> INFORMATION GIVEN

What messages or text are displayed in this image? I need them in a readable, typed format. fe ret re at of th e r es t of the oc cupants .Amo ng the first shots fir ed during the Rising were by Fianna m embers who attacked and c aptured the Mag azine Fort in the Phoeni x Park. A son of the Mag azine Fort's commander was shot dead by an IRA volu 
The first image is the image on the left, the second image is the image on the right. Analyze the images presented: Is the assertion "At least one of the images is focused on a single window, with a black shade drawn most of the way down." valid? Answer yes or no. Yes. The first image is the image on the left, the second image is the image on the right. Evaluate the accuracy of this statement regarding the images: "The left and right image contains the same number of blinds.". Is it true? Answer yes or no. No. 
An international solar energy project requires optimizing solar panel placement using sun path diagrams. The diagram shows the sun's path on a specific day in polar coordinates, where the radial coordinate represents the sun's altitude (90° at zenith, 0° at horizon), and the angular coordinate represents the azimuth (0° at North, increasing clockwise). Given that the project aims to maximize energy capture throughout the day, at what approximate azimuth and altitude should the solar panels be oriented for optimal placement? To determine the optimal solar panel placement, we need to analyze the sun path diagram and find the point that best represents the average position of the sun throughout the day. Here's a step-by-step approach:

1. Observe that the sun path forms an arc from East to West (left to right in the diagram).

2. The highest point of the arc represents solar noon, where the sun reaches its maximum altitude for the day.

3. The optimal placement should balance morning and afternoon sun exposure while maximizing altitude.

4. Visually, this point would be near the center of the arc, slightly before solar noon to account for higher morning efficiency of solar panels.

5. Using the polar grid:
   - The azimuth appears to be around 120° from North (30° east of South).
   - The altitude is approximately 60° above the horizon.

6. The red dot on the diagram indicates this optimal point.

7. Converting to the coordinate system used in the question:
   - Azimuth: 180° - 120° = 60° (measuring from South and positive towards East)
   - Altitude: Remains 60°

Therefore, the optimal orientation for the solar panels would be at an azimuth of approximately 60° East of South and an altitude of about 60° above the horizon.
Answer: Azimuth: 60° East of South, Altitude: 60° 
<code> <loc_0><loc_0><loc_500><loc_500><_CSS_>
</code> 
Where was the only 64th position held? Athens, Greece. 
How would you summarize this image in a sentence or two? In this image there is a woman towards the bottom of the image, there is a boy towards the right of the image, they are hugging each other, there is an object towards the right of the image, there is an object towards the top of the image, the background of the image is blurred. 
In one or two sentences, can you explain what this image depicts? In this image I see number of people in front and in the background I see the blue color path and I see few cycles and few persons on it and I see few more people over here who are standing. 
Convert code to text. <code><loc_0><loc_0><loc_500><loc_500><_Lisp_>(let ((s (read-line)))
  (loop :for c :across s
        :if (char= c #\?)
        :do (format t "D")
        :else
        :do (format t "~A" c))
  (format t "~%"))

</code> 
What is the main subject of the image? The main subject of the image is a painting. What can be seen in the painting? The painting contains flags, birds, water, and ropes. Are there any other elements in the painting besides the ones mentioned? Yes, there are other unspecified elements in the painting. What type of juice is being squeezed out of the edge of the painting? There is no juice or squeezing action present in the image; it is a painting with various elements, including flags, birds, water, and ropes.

> EXERCISE REQUIREMENTS
With nothing added or dropped, write out every entry.

> WRITTEN SOLUTION
What messages or text are displayed in this image? I need them in a readable, typed format. fe ret re at of th e r es t of the oc cupants .Amo ng the first shots fir ed during the Rising were by Fianna m embers who attacked and c aptured the Mag azine Fort in the Phoeni x Park. A son of the Mag azine Fort's commander was shot dead by an IRA volu 
The first image is the image on the left, the second image is the image on the right. Analyze the images presented: Is the assertion "At least one of the images is focused on a single window, with a black shade drawn most of the way down." valid? Answer yes or no. Yes. The first image is the image on the left, the second image is the image on the right. Evaluate the accuracy of this statement regarding the images: "The left and right image contains the same number of blinds.". Is it true? Answer yes or no. No. 
An international solar energy project requires optimizing solar panel placement using sun path diagrams. The diagram shows the sun's path on a specific day in polar coordinates, where the radial coordinate represents the sun's altitude (90° at zenith, 0° at horizon), and the angular coordinate represents the azimuth (0° at North, increasing clockwise). Given that the project aims to maximize energy capture throughout the day, at what approximate azimuth and altitude should the solar panels be oriented for optimal placement? To determine the optimal solar panel placement, we need to analyze the sun path diagram and find the point that best represents the average position of the sun throughout the day. Here's a step-by-step approach:

1. Observe that the sun path forms an arc from East to West (left to right in the diagram).

2. The highest point of the arc represents solar noon, where the sun reaches its maximum altitude for the day.

3. The optimal placement should balance morning and afternoon sun exposure while maximizing altitude.

4. Visually, this point would be near the center of the arc, slightly before solar noon to account for higher morning efficiency of solar panels.

5. Using the polar grid:
   - The azimuth appears to be around 120° from North (30° east of South).
   - The altitude is approximately 60° above the horizon.

6. The red dot on the diagram indicates this optimal point.

7. Converting to the coordinate system used in the question:
   - Azimuth: 180° - 120° = 60° (measuring from South and positive towards East)
   - Altitude: Remains 60°

Therefore, the optimal orientation for the solar panels would be at an azimuth of approximately 60° East of South and an altitude of about 60° above the horizon.
Answer: Azimuth: 60° East of South, Altitude: 60° 
<code> <loc_0><loc_0><loc_500><loc_500><_CSS_>
</code> 
Where was the only 64th position held? Athens, Greece. 
How would you summarize this image in a sentence or two? In this image there is a woman towards the bottom of the image, there is a boy towards the right of the image, they are hugging each other, there is an object towards the right of the image, there is an object towards the top of the image, the background of the image is blurred. 
In one or two sentences, can you explain what this image depicts? In this image I see number of people in front and in the background I see the blue color path and I see few cycles and few persons on it and I see few more people over here who are standing. 
Convert code to text. <code><loc_0><loc_0><loc_500><loc_500><_Lisp_>(let ((s (read-line)))
  (loop :for c :across s
        :if (char= c #\?)
        :do (format t "D")
        :else
        :do (format t "~A" c))
  (format t "~%"))

</code> 
What is the main subject of the image? The main subject of the image is a painting. What can be seen in the painting? The painting contains flags, birds, water, and ropes. Are there any other elements in the painting besides the ones mentioned? Yes, there are other unspecified elements in the painting. What type of juice is being squeezed out of the edge of the painting? There is no juice or squeezing action present in the image; it is a painting with various elements, including flags, birds, water, and ropes.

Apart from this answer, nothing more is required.